The Peak

Oct 12, 2022

It is an amazing scene.  The right amount of rain and summer sun has created the vast yellows and deep reds of Fall.  That each day has lately been relatively warm and sunny has lent to the overall sheer artistry that is Nature herself.   Maples, Oaks, Sumac, Virginia Creeper, Cottonwood all turning hues as the slowly tilting earth steers our side of the planet back to Winter.  

It is hard to ignore, much less feel the excitement, the preparation for the coming of the cold.  On my walks around Warren Park, the squirrels work overtime, running with acorns in their mouths.  They seek various places to stash their booty, coming to claim it when the snow settles. Even the bumblebees still dart to the flowers that remain.  Purple Echinacea, Clover and Ironweed all beckon to them.  In the morning I will find a bee numbed to immobility by the night's cold on the flower itself, waiting for the sun to warm them to commence the harvest once more. 

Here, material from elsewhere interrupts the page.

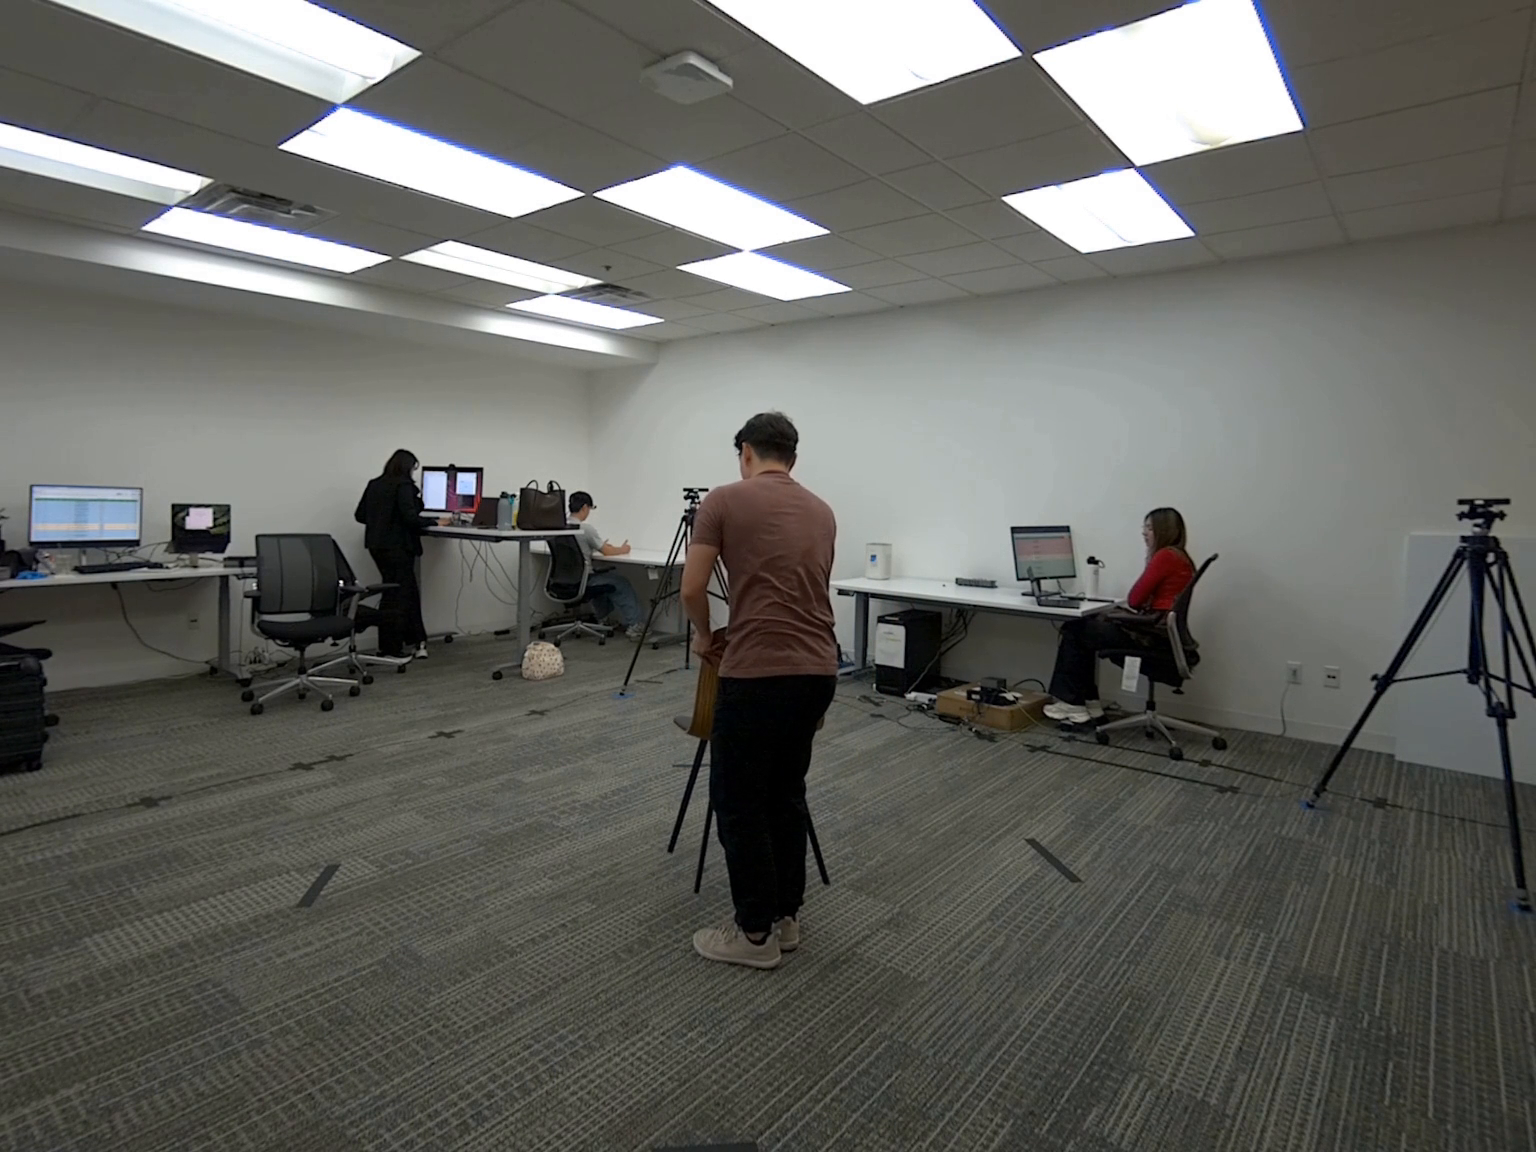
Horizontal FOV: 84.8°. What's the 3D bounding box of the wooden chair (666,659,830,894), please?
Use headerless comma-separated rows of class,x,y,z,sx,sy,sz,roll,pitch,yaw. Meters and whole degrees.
wooden chair,-0.093,0.574,2.965,0.471,0.877,0.532,0,1,-16

Not all trees turn at once.  Some are defiant, holding onto their green, emerald mantles.  Others give up quite easily, and each small breeze sees them shedding their leaves as one discards dirty clothes after a long day.  They are resigned to the arrival of Winter, and they are ready for it to arrive. 

The prairie grasses and plants also change.  The Big Bluestem and Little Bluestem turn blood red.  Come the snow, they will look beautiful as they stretch up over the drifts.  The Cup Plant and False Indigo start to wither and make no pretense that they are going away.  I will leave them be for the cold months, so birds can peck away at what few seeds there may be and shelter in the dried leaves. 

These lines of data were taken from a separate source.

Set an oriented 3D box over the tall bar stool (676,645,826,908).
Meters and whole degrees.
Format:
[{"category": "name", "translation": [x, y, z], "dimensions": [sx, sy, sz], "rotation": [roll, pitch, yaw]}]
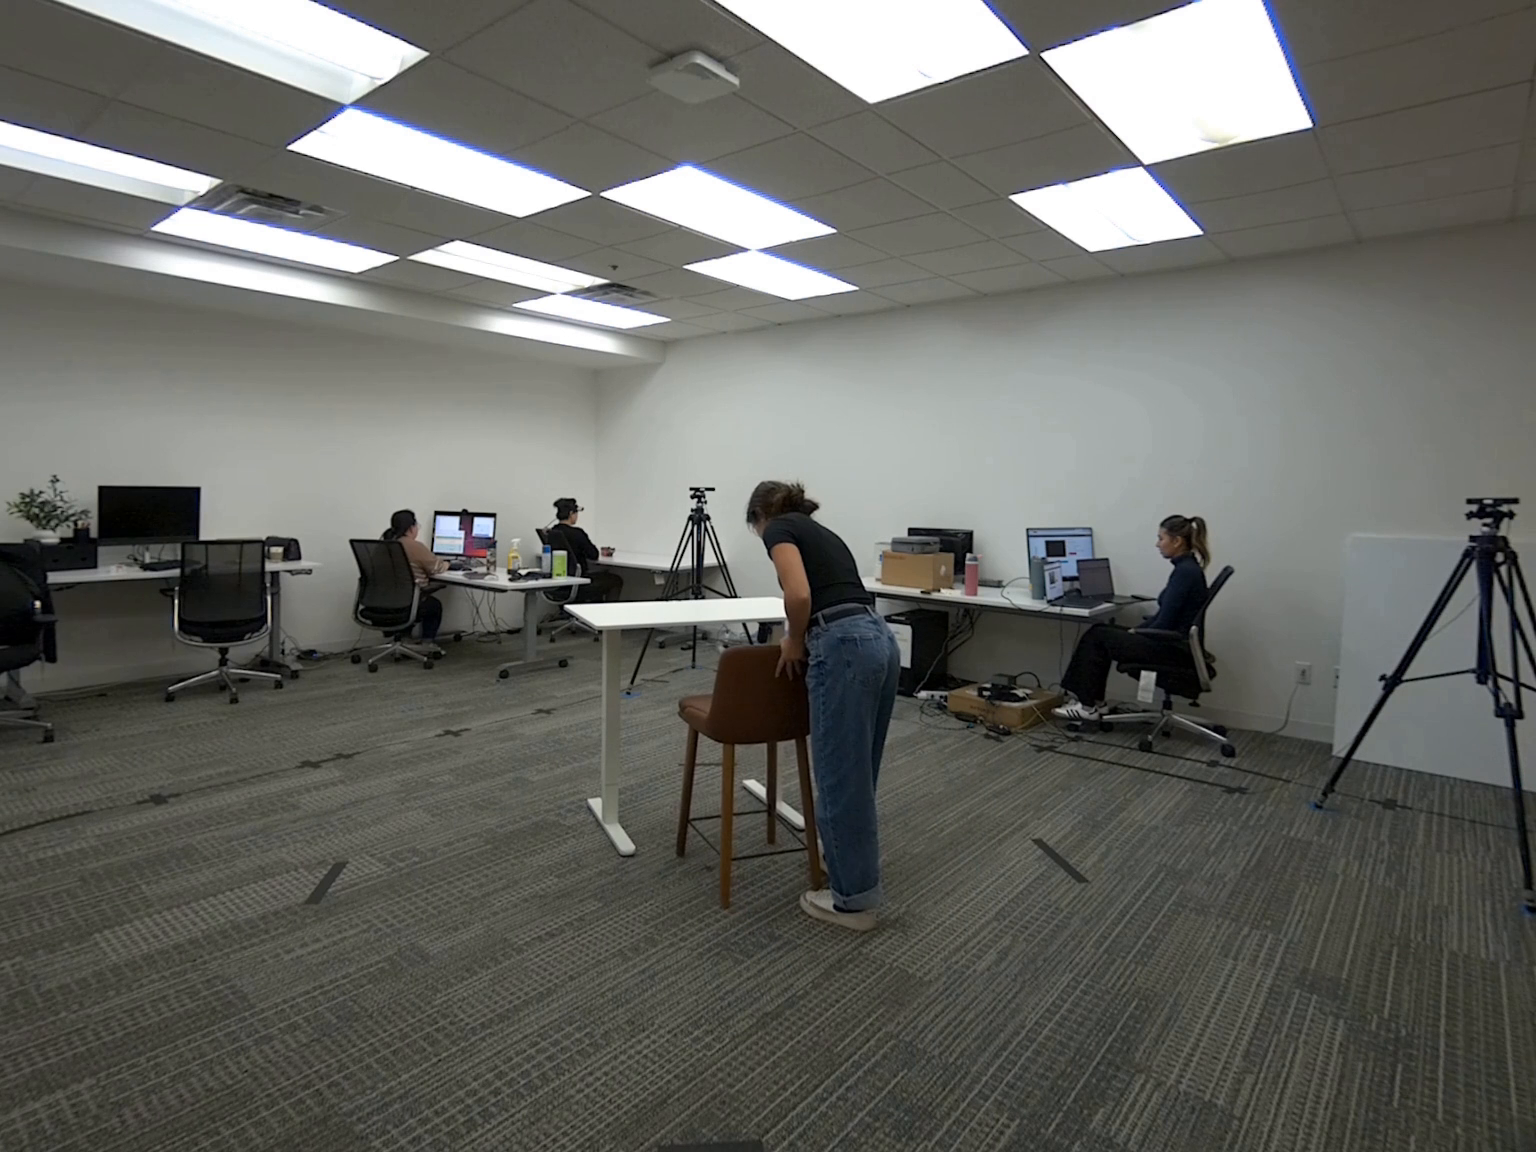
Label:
[{"category": "tall bar stool", "translation": [-0.074, 0.636, 3.058], "dimensions": [0.447, 0.886, 0.480], "rotation": [0, 6, -22]}]

A walk along Lake Michigan and its azure waters only heightens the beauty.  The beach grass, yellowed, waves above the sand.  The waves are small, calm and all is a gentle, floating, graceful movement of swirling leaves, blue water and even bluer sky.  It is a dreamscape, a lulling of the senses, just that last bit of inspirational fat before the arrival of famine. 

We have just a few precious more weeks of the peak color season here.  Soon all the trees, even the stubborn ones will stand stark and still.  The oak will have a few brown leaves that flutter like a mournful reminder.  “Do you remember Summer?” they sigh as we wait our turn on the sledding hill. 

November will arrive. She will take to the Lake as her domain, whipping the waves into a crashing, brown, turbid frenzy as she soaks us with a bone-chilling cold rain.  The dancing leaves of October will be wet, corpse-like piles of rotting brown.  All will kneel before the Hag of Hoarfrost.  Her initial anger cools with earth itself and those first flakes of snow will arrive, like curious visitors from another world. 

That will come soon. But for now, the color and excitement are here.  The splashes of yellow, orange and ochre mix and mingle in their own celebration of Autumn, a heady mead, and I revel in the indulgence.